Julia Vorobjova: The X-Ray Woman

The story of a woman and her curious healing powers

Somebody save the “X-Ray woman”. She has been healing hundreds of people for years and years, including illustrious people who ended up in history books. Now she is abandoned, alone, in a poor room in Donetsk, surrounded by the sad grayness of the rural Ukraine, the land of coal mines. Julia Vorobjova, seventy years old, salaried worker with a missionary smile, is not a common sensitive sorceress: she is like a superhero, as she is given exceptional powers which allow her to see and foresee other people’s diseases by simply looking “inside” their bodies.

The list of people who have benefited from her unique abilities is surprisingly long and, naturally, quite uncertain: Julia’s piercing eyes examined many Soviet Politburo members, such as Breznev and his successor as head of the PCUS, Andropov.
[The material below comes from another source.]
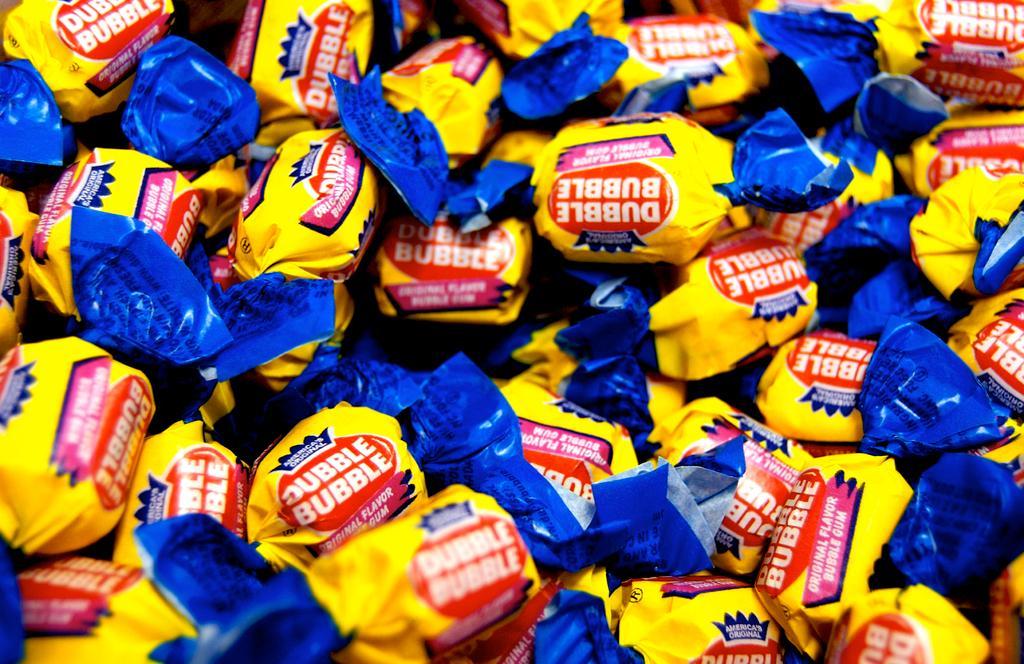How would you summarize this image in a sentence or two? In this picture I can see there are few candies and they are wrapped with yellow and blue papers. There is something written on it.

Then, Boris Eltsin, Mikhail Gorbaciov, the first lady Raissa and the French president Mitterrand.

Even Pope Wojtyla, during a visit to Ukraine, was monitored by Julia’s magic eyes who gave – they say – precious advice to the Vatican medical staff. Then, with less shame, she was questioned by actors, singers, writers and even a dozen Soviet cosmonauts who included a visit to Julia in the long list of superstitious rites to celebrate before every launch. In fact, it is no coincidence that the lady is a honorary citizen of the Moscow stellar city, pride of Russian space research.

Julia’s story starts on the 3rd of March, 1978, in a dusty space of the Petrovskaja mine in Donetsk, she is sitting at the wheel of her crane, hacking on the old and insecure control panel. It short-circuited with a 380-volt-electric shock. Rescue and medical response: instantaneous death. Her body was left at the municipal morgue and then offered to medical students by her relatives. Here, a miracle happens.

A student, instructed by a professor, operates the removal of a toe, but, as he approaches the seemingly dead foot, he is hit by a splash of blood: Julia is still alive. Taking the lady back to the hospital, it takes her about one year to come out of her coma and heal. When she wakes up, she notices a missing toe and, above all, she discovers her “powers”. Disbelief is a must.

Suspicious scientists come from the University of Moscow, ready to disprove the phenomenon, but they have to admit that there is no rational explanation: Julia can see inside their bodies. It is true, although unbelievable. Julia is then addressed to the secret “90th department” of the KGB, which monitors science and research. People start checking her services out and she doesn’t miss a thing.

After the end of USSR, after the demolition of secret structures, she is forgotten and abandoned to her destiny. She keeps on offering aid to patients for free, without any income. She just asks for a board and health care. Official papers say she has nothing to receive and, therefore, she appeals to newspapers, invokes a bit of charity and recalls a verdict expressed by Moscow scientists: her inexplicable powers work on everyone but herself.